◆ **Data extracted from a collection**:

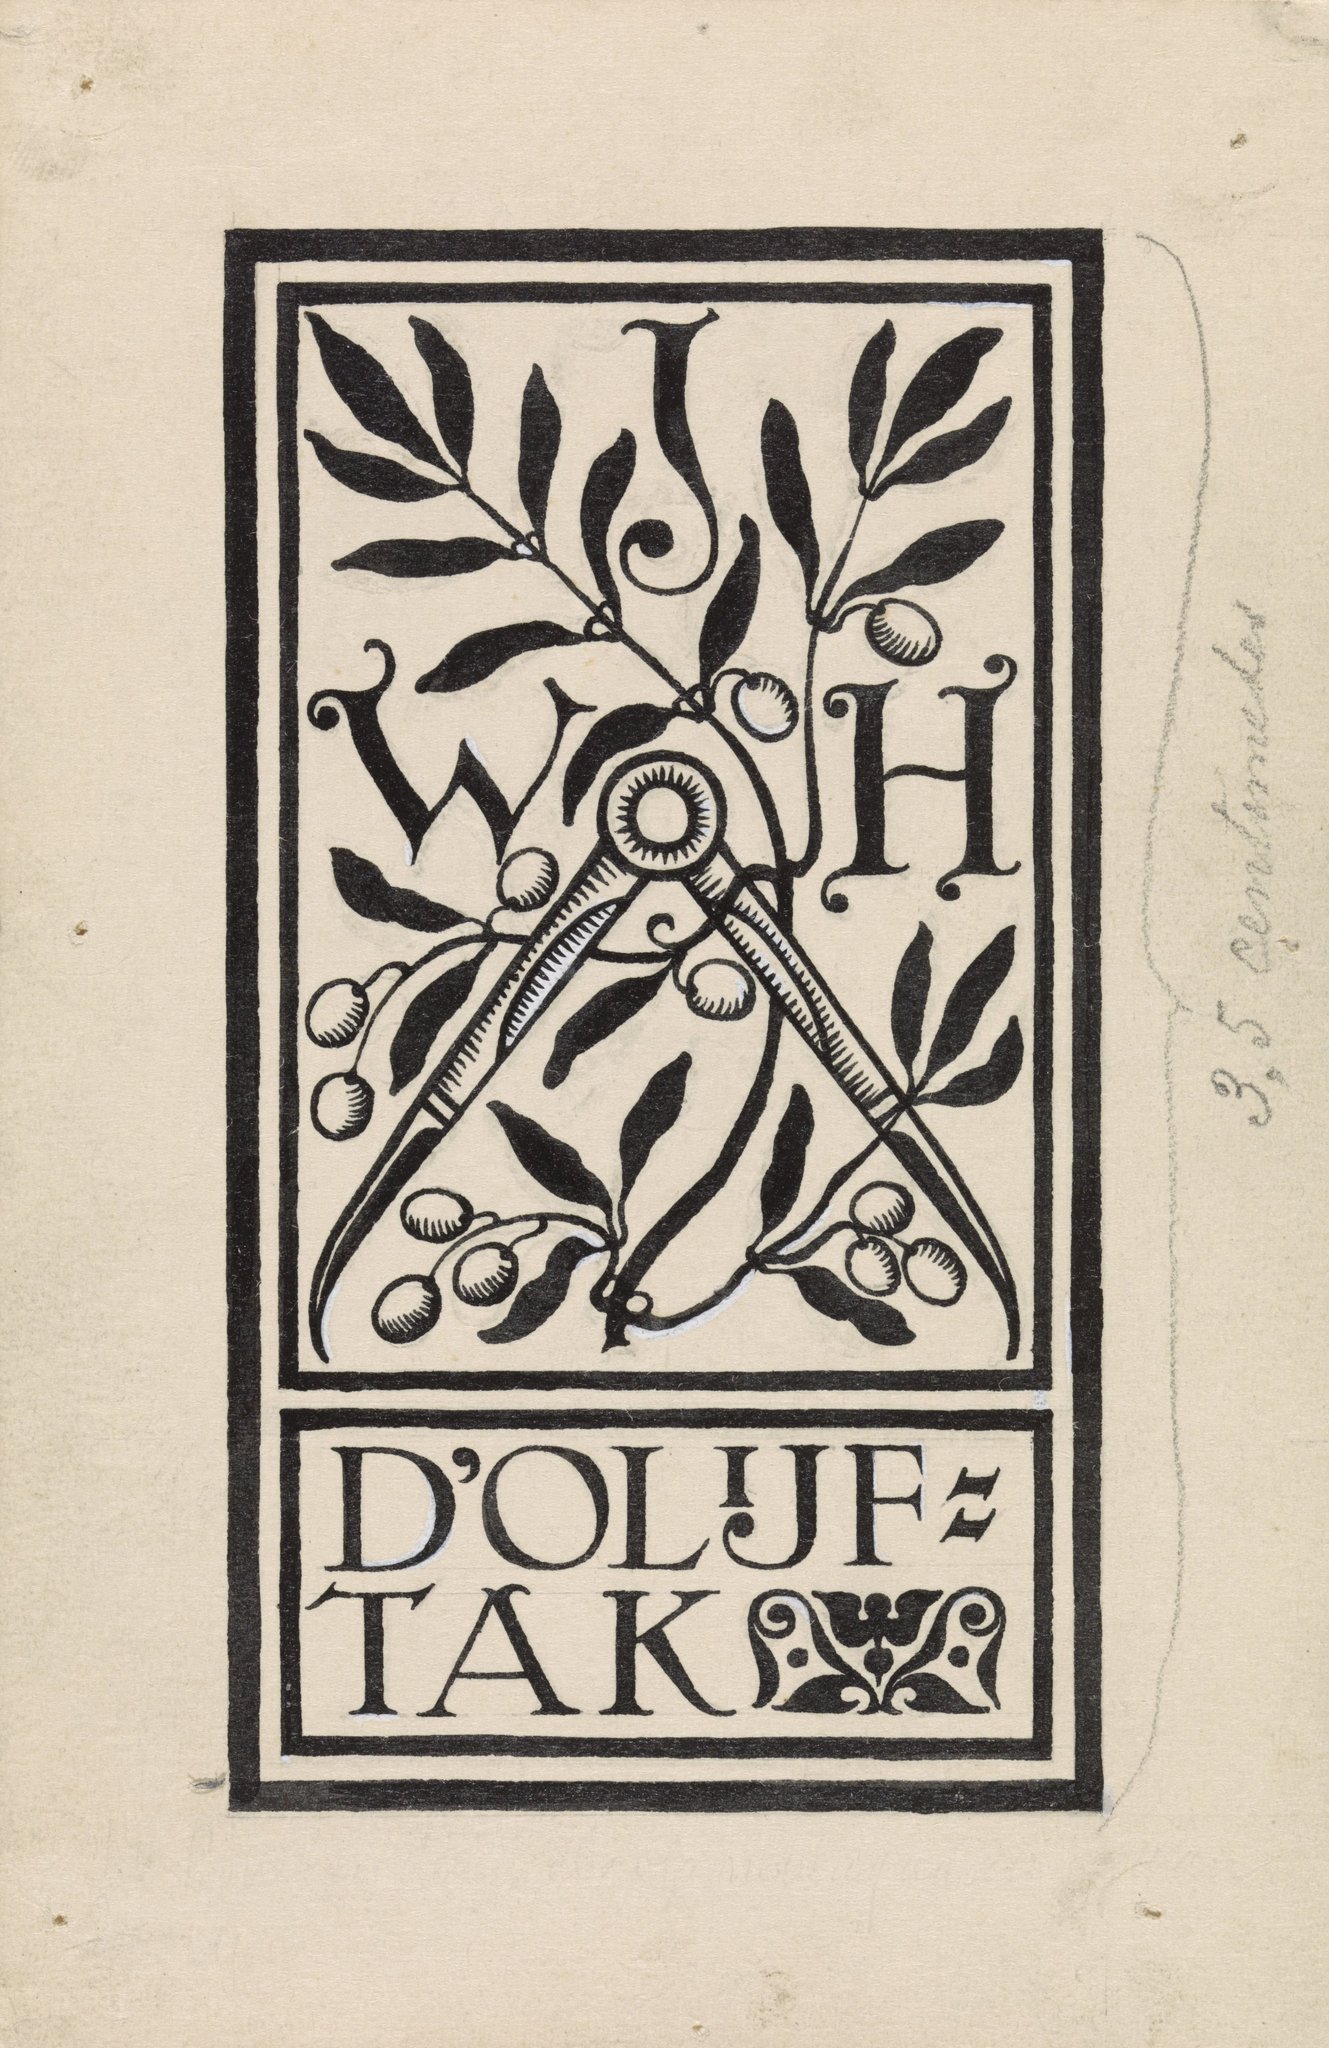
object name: drawing
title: D'Olijftak
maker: antoon derkinderen
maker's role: draughtsman, painter, print maker
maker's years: 1859-1925
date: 1869-1925
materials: paint, paper
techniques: brush
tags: compasses, trees: olive-tree (+ branch, stick)
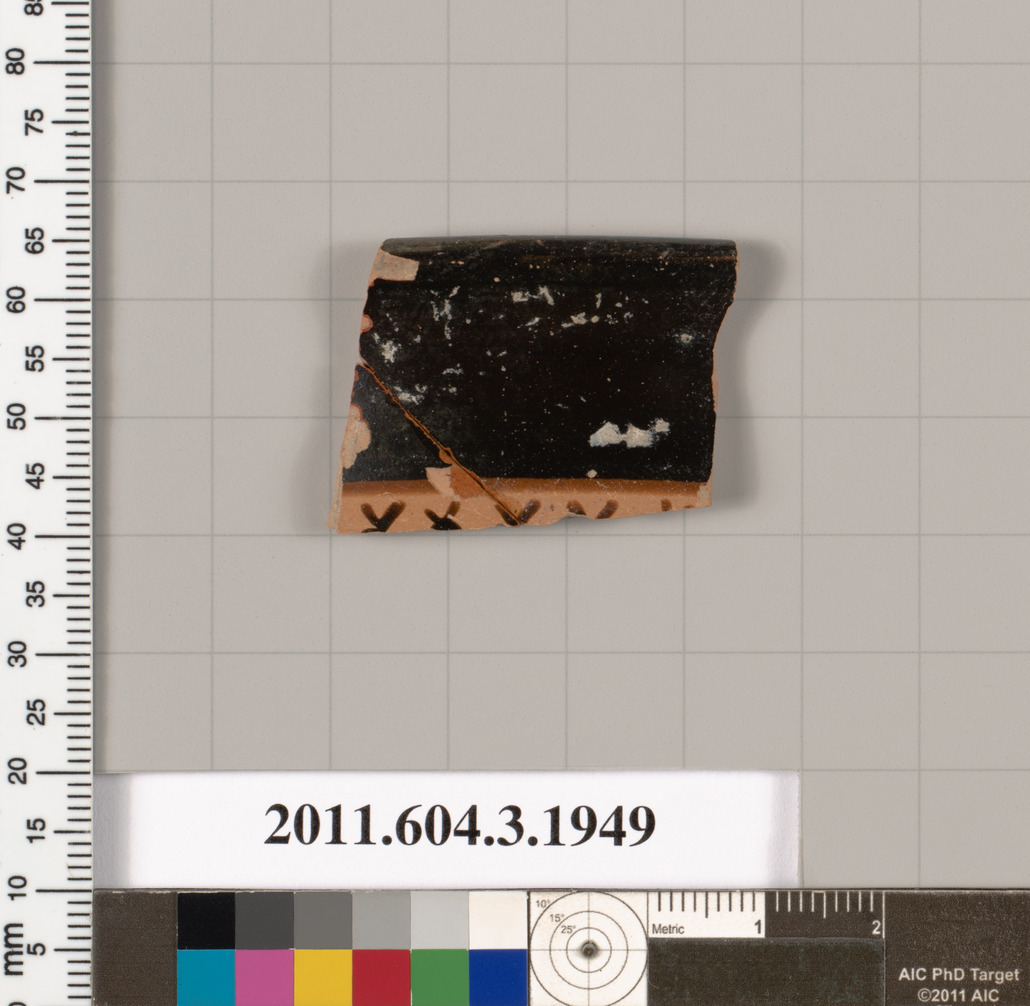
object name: kylix fragment
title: Terracotta fragment of a kylix: Droop cup (drinking cup)
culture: greek, attic
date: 567-535 BCE
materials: terracotta
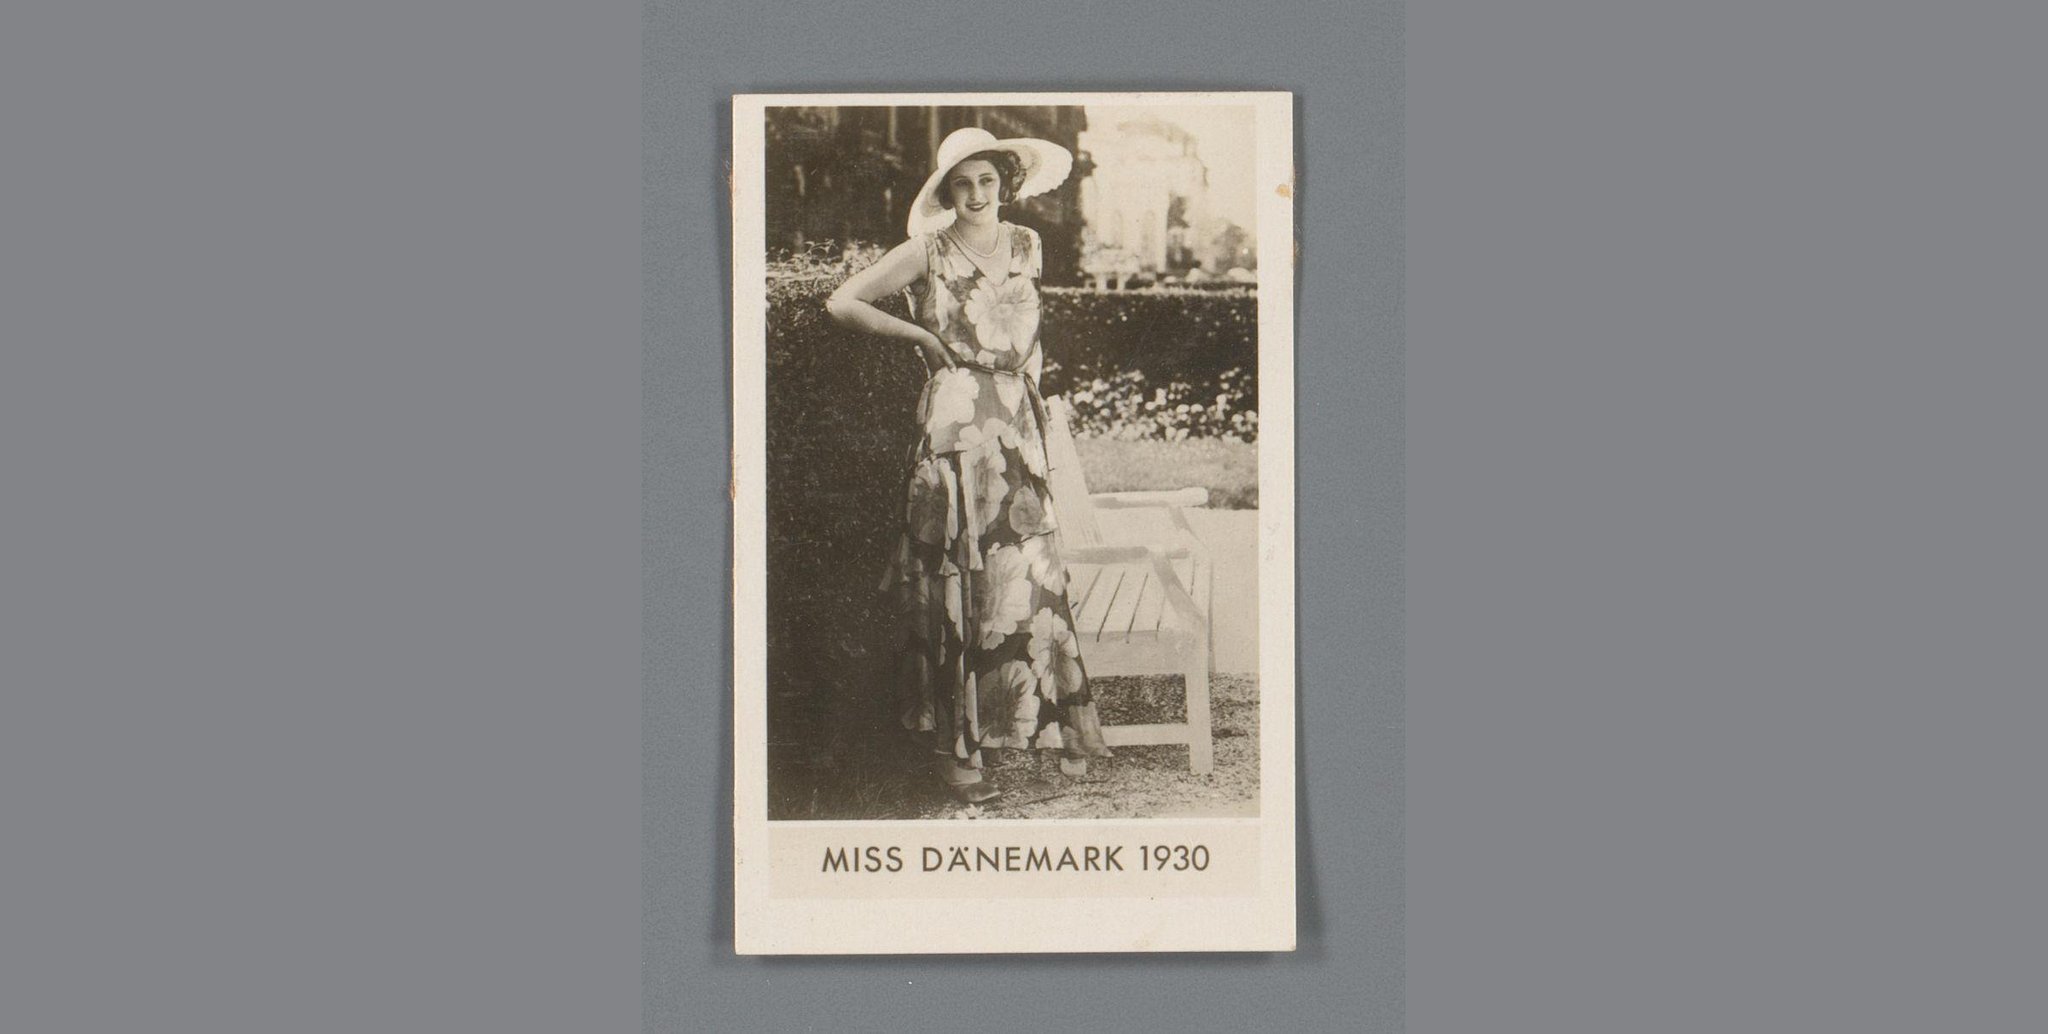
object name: photograph
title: Miss Dänemark 1930
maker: Anonymous
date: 1930
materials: paper
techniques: gelatin silver print
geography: dresden
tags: historical persons - bb - woman
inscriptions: inscription: ‘Die schönsten/ Frauen der Welt/ dargestellt durch die Schön-/ heitsköniginnen aller Länder,/ finden Sie in 190 echten/ Bromsilber-Fotos, die nur den/ CLUB-und-LIGA-Packun-/ gen beiliegen. Eind prächtiges/ Sammel-Album erhalten Sie/ für 75 Pfennig vom Händler/ oder bei Einsendung von/ 75 Pfennig in Briefmarken/ von der Bilderstelle Lohse,/ Dresden A24, Nossener Str. 1./ Ges. gesch. Nachdruck verboten!’

◆ **WORK INSTRUCTIONS**: A line counts if it includes the string "object". State how many such lines the entries have, with no other text.

◆ **RESULT FOR THIS EXERCISE**: 3